I think it would be nice to have layered navigation, but a NORMAL category navigation system. People should not have to choose between allow price, navigation, color etc filtering and sane category navigation. For example, if there are multiple categories such as
Information -> Books -> Genre Literature -> Classic
When people are at “Books” and layered navigation is enabled it creates a situation where it is extremely inefficient to browser any sub-category of Genre Literature (must load multiple pages between every category change… Totally unncessary). So, layered navigation has to be turned off, so now people cannot filter base on price, media type (hard cover, paperback) and so forth.
I agree there are still issues with layered navigation and SEO
But there are options
1) No follow links on layered navigation
2) Block the search engines from spidering urls that are created within the layered navigation - via robots.txt
3) Remove layered navigation and place a static menu in your template
I am sure there are a few other options too.
1 and 2 are basically the same and counterproductive. the point is to improve and increase the content and relevancy for search engines. why would you block the search engines? we could block them for the whole site and not have to worry about them at all…
And 3, well then layered navigation is gone...which is another backwards step.
anyway, on to some recommendations:
Search Friendly URLS with layered navigation
currently, the attribute group is used with the selection as an id. ex: example.com/mycategory?color=1
the solution here is to replace the id with a word (1 == blue, 2 ==green, etc.) to get something like this: example.com/mycategory?color=blue
or even better, create more virtual directories to be something like: example.com/mycategory/color/blue
Page Title and META
each attribute group should have an option for page title (append/prepend)
same for meta description and meta keywords.
SO, if the category page title is “Widgets” , user selects “blue” from layered navigation, you have two possible page titles:
1) set prepend title to “Blue “ and title becomes “Blue Widgets”
2) set append title to “ (blue)” and the title becomes “Widgets (blue)”
It would also be nice to be able to assign a menu link to a specific layered navigation page (perhaps there is an option that is particularly popular) so that you are able to place unique content blocks on the page. or is there already a way to do this that i’m not aware of?

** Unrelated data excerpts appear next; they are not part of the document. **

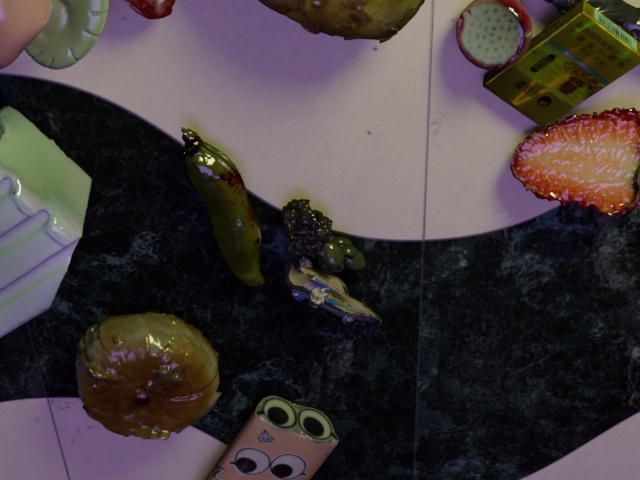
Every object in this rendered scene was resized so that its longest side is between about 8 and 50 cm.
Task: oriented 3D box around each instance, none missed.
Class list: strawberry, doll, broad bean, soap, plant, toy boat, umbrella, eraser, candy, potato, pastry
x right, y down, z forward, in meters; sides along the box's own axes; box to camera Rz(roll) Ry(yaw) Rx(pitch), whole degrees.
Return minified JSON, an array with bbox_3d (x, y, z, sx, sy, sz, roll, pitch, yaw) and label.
[{"bbox_3d":[0.399,-0.129,1.596,0.208,0.087,0.167,18,109,16],"label":"strawberry"},{"bbox_3d":[-0.429,-0.295,1.347,0.284,0.216,0.268,37,113,-18],"label":"doll"},{"bbox_3d":[-0.139,-0.046,1.648,0.077,0.061,0.339,-8,128,14],"label":"broad bean"},{"bbox_3d":[-0.551,0.023,1.633,0.446,0.156,0.261,-32,123,21],"label":"soap"},{"bbox_3d":[0.000,0.000,1.681,0.085,0.087,0.174,-4,144,49],"label":"plant"},{"bbox_3d":[0.028,0.095,1.764,0.210,0.084,0.066,31,85,-36],"label":"toy boat"},{"bbox_3d":[0.388,-0.307,1.458,0.236,0.059,0.066,22,104,-15],"label":"umbrella"},{"bbox_3d":[-0.106,0.421,2.006,0.171,0.087,0.290,22,124,-17],"label":"eraser"},{"bbox_3d":[0.234,-0.281,1.457,0.103,0.043,0.103,8,113,20],"label":"candy"},{"bbox_3d":[-0.003,-0.355,1.354,0.298,0.141,0.176,20,116,-17],"label":"potato"},{"bbox_3d":[-0.292,0.233,1.829,0.257,0.120,0.235,14,127,-13],"label":"pastry"}]

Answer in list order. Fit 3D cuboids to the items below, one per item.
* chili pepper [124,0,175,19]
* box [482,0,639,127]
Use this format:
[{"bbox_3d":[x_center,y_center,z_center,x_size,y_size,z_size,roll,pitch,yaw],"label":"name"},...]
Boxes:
[{"bbox_3d":[-0.234,-0.392,1.354,0.136,0.144,0.252,19,153,39],"label":"chili pepper"},{"bbox_3d":[0.333,-0.239,1.490,0.121,0.030,0.193,30,140,-22],"label":"box"}]
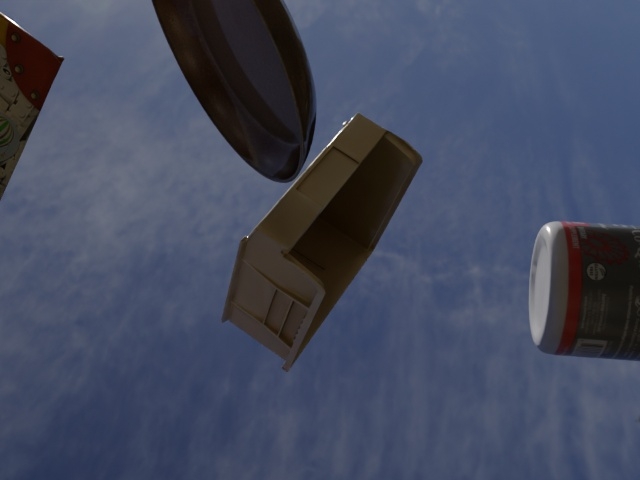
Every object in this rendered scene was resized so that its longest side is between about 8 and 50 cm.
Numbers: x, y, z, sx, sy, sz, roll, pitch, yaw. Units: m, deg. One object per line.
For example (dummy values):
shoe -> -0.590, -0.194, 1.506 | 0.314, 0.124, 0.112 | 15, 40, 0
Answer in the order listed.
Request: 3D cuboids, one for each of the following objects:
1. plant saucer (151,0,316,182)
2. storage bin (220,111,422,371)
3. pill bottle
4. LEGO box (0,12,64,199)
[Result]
plant saucer -> -0.093, -0.208, 0.773 | 0.050, 0.310, 0.310 | -33, -95, -17
storage bin -> 0.000, 0.000, 0.989 | 0.123, 0.260, 0.262 | 34, -124, 7
pill bottle -> 0.520, 0.082, 1.106 | 0.363, 0.210, 0.210 | 3, -123, 7
LEGO box -> -0.485, -0.099, 0.466 | 0.500, 0.193, 0.372 | 35, -115, -47
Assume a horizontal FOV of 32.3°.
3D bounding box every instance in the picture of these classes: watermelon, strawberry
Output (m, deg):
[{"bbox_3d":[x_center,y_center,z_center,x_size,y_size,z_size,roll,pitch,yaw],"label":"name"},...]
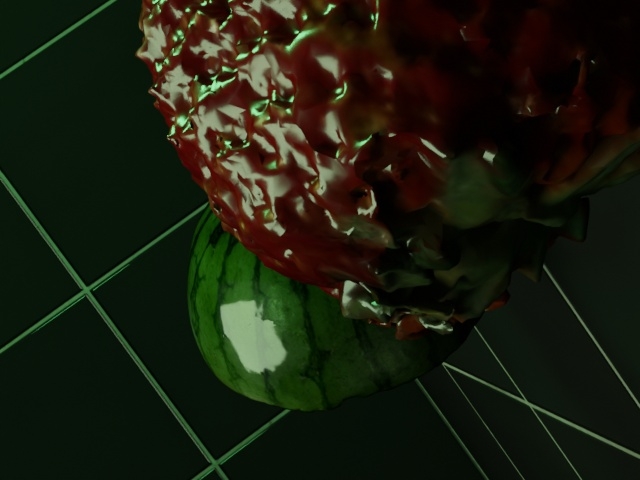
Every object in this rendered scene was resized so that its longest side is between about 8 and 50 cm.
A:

martijnr, How is that fixing it? I dont see where you have been able to get rid of the ‘?” or type and replace with the name of whatever it is. Unless I’m missing something here.
I would think this solution would be a high priority for Magento, where as SEO is very crtical.
The most important thing here for seo, is to show the attributes in the page title and in the content in the h1 tag. With this search engines will now see that the page has unique content.
My next step is to change the id in a name, but this is not as important as changing the title.